2 Antworten auf „"Steigende oder wahrscheinlich steigende Tendenz"“

  1. Apropos mRNA: Haben Virenmoleküle Baupläne? 

    Nein. Weder RNA noch DNA sind irgend­wel­che Baupläne. Vielmehr kodie­ren RNA oder DNA ledig­lich, wel­che Aminosäuren in lang­ket­ti­gen Eiweißmolekülen (Proteine, Enzyme und Peptide) ent­hal­ten sind. Wie die­se Aminosäuren jedoch mit­ein­an­der zu ver­bin­den sind, das ergibt sich aus der Wirkung von Naturgesetzen. Und genau des­we­gen gibt es für einen Virus kei­nen Bauplan. Das heißt daß ein Virenmolekül auf­grund der Wirkung von Naturgesetzen ent­steht, wenn bestimm­te Bedingungen erfüllt sind, daß also Naturgesetze dar­über bestim­men, wie letzt­end­lich die DNA oder RNA in einem Virenmolekül zu kap­seln ist.

    Genauso wie ein Wassermolekül nur dann ent­ste­hen kann wenn Wasserstoff und Sauerstoff, ein bestimm­ter Druck und eine bestimm­te Temperatur vor­han­den sind, kann ein Virenmolekül nur dann ent­ste­hen, wenn die für den Aufbau des Virenmoleküls erfor­der­li­chen Proteine, Enzyme und Peptide vor­lie­gen, bspw. dann wenn eine mensch­li­che Zelle bereit dazu ist, die DNA oder RNA eines Virenmoleküls zu kopie­ren und die­se (Protein)Synthese in Gang gekom­men ist, dann _​kann_​ein Virenmolekül ent­ste­hen (Knospung).

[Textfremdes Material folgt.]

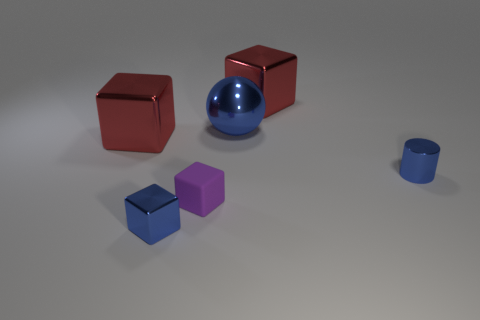Is there any other thing that is the same shape as the large blue shiny thing?
Your response must be concise. No. Is the shape of the big blue shiny thing the same as the large shiny object that is to the right of the big shiny ball?
Your answer should be compact. No. There is a red metal cube behind the red cube left of the blue metallic cube; what is its size?
Your response must be concise. Large. Is the number of blocks that are to the right of the small metal cylinder the same as the number of red blocks to the right of the rubber cube?
Your response must be concise. No. What color is the other small metal thing that is the same shape as the purple object?
Provide a short and direct response. Blue. What number of spheres have the same color as the small cylinder?
Make the answer very short. 1. Do the tiny blue metallic object right of the tiny purple rubber cube and the large blue shiny thing have the same shape?
Make the answer very short. No. There is a big red metallic thing that is behind the red metallic object that is in front of the red shiny block right of the large metallic sphere; what is its shape?
Ensure brevity in your answer.  Cube. What size is the blue cube?
Your answer should be very brief. Small. What is the color of the tiny cylinder that is made of the same material as the tiny blue block?
Your answer should be compact. Blue. 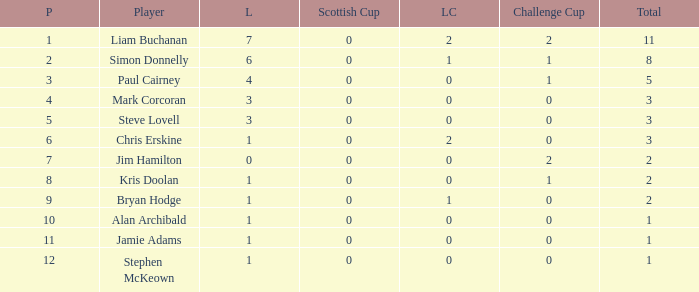What was the lowest number of points scored in the league cup? 0.0. 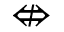<formula> <loc_0><loc_0><loc_500><loc_500>\ n L e f t r i g h t a r r o w</formula> 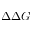<formula> <loc_0><loc_0><loc_500><loc_500>\Delta \Delta G</formula> 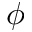Convert formula to latex. <formula><loc_0><loc_0><loc_500><loc_500>\phi</formula> 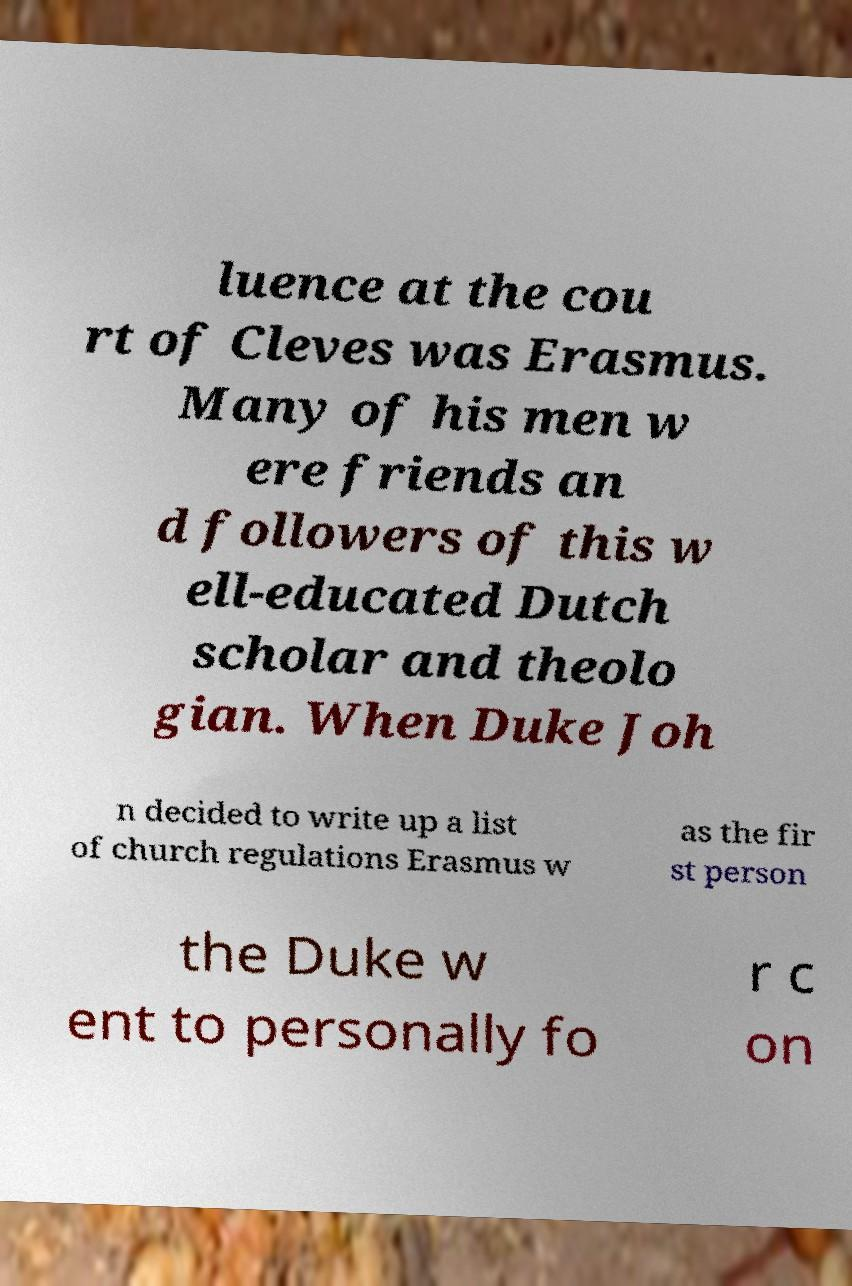Can you accurately transcribe the text from the provided image for me? luence at the cou rt of Cleves was Erasmus. Many of his men w ere friends an d followers of this w ell-educated Dutch scholar and theolo gian. When Duke Joh n decided to write up a list of church regulations Erasmus w as the fir st person the Duke w ent to personally fo r c on

    Das heißt, daß man ein Virenmolekül nicht irgend­wie belie­big zusam­men­set­zen kann und schon gar nicht nach irgend­wel­chen "Bauplänen". Den Quatsch mit den Bauplänen kön­nen Sie getrost ver­ges­sen. Aufgrund der Wirkung der Grundgesetze der Thermodynamik schließ­lich ent­ste­hen unter glei­chen Bedingungen eben auch immer wie­der die glei­chen Viren.

  2. Na, wenn das kein "Wissen statt Wut" ist!
    Berliner Hundeohrefilmer "arbei­te­ten (.…) über ein Jahr an der neu­en Markenkampagne"
    https://​www​.new​-busi​ness​.de/​_​r​u​b​r​i​c​/​d​e​t​a​i​l​.​p​h​p​?​r​u​b​r​i​c​=​K​O​M​M​U​N​I​K​A​T​I​O​N​&​n​r​=​8​2​5​8​5​5​n​r​=​8​2​5​855
    damit "wir" wei­ter­hin "ergebnissoffen"(sic!) und "wei­ter­hin kosten­los" (wer will beim Ergebnis-Freibier-sau­fen schon drau­ßen blei­ben?) und sowie­so "anstän­dig infor­miert" werden!

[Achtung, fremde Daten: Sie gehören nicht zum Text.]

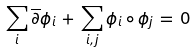<formula> <loc_0><loc_0><loc_500><loc_500>\sum _ { i } \overline { \partial } \phi _ { i } \, + \, \sum _ { i , j } \phi _ { i } \circ \phi _ { j } \, = \, 0</formula> 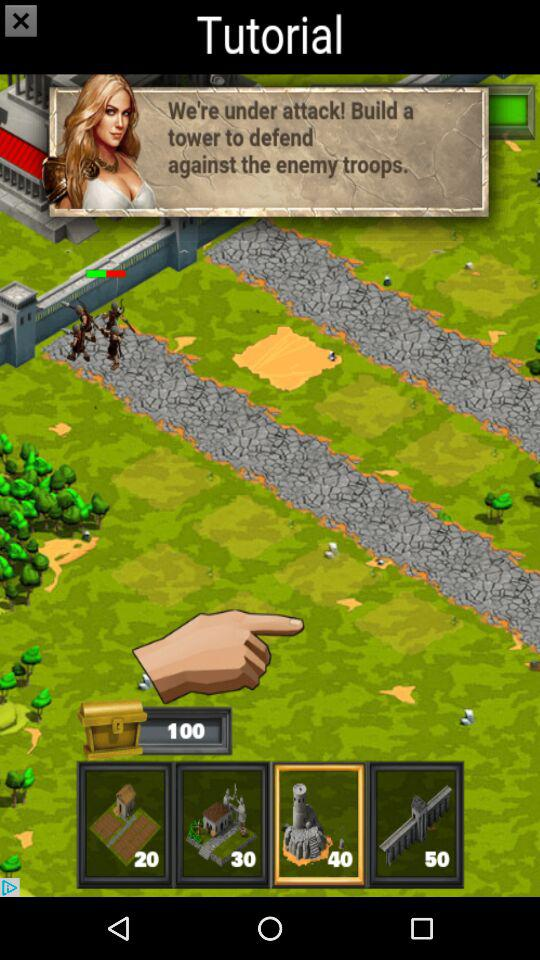What is the score?
When the provided information is insufficient, respond with <no answer>. <no answer> 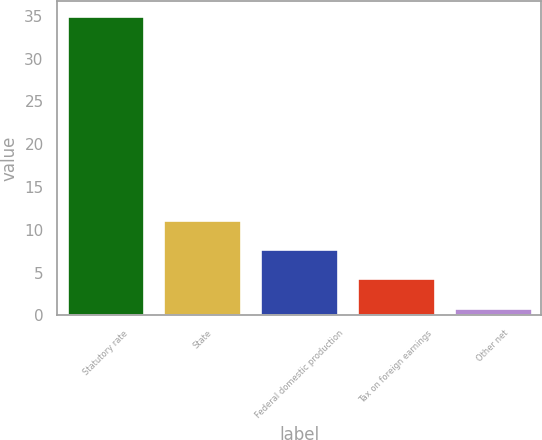<chart> <loc_0><loc_0><loc_500><loc_500><bar_chart><fcel>Statutory rate<fcel>State<fcel>Federal domestic production<fcel>Tax on foreign earnings<fcel>Other net<nl><fcel>35<fcel>11.13<fcel>7.72<fcel>4.31<fcel>0.9<nl></chart> 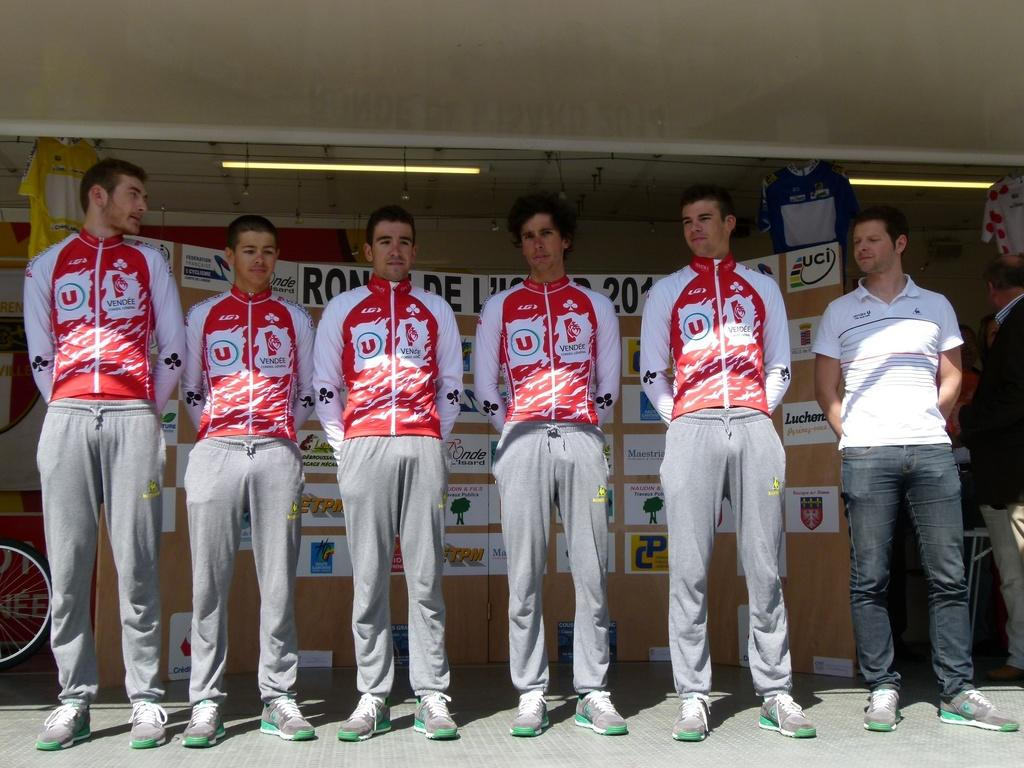<image>
Offer a succinct explanation of the picture presented. Men on a team stand in front of a billboard, the upper right of a billboard reads UCI.

    Die Philanthropie ist schon beeindruckend:
    da kauft eine Werbeklitsche (einen) Markennamen eines ehe­ma­li­gen Staatskonzerns.
    Eine Redaktion wählt in der neu­en Firma *pas­sen­de* Agenturnachrichten aus und ergänzt sie ggf. – und damit das nicht ganz so deut­lich aus­sieht wie Propaganda, kauft die Werbeklitsche exter­ne Extra-Expertise dazu, die noch bes­ser weiß, wie das für-sich-selbst-wer­ben geht.
    Das ist noch jen­seits der Dreistigkeit eta­blier­ter Zeitungen, die etwa mit "unab­hän­gig, über­par­tei­lich" für ihre Seriosität wer­ben (oder sich, offi­zi­ell, einem Kodex unterwerfen).
    Zumindest steht bei denen aber ein Preis drauf – ob am Kiosk, als Abo oder online-Zahlschranke – (auch wenn deren Haupteinnahmen aus Großkundenanzeigen bestehen, die selbst­ver­ständ­lich nie­mals *pas­sen­de* und *anstän­di­ge* Nachrichten *emp­feh­len*.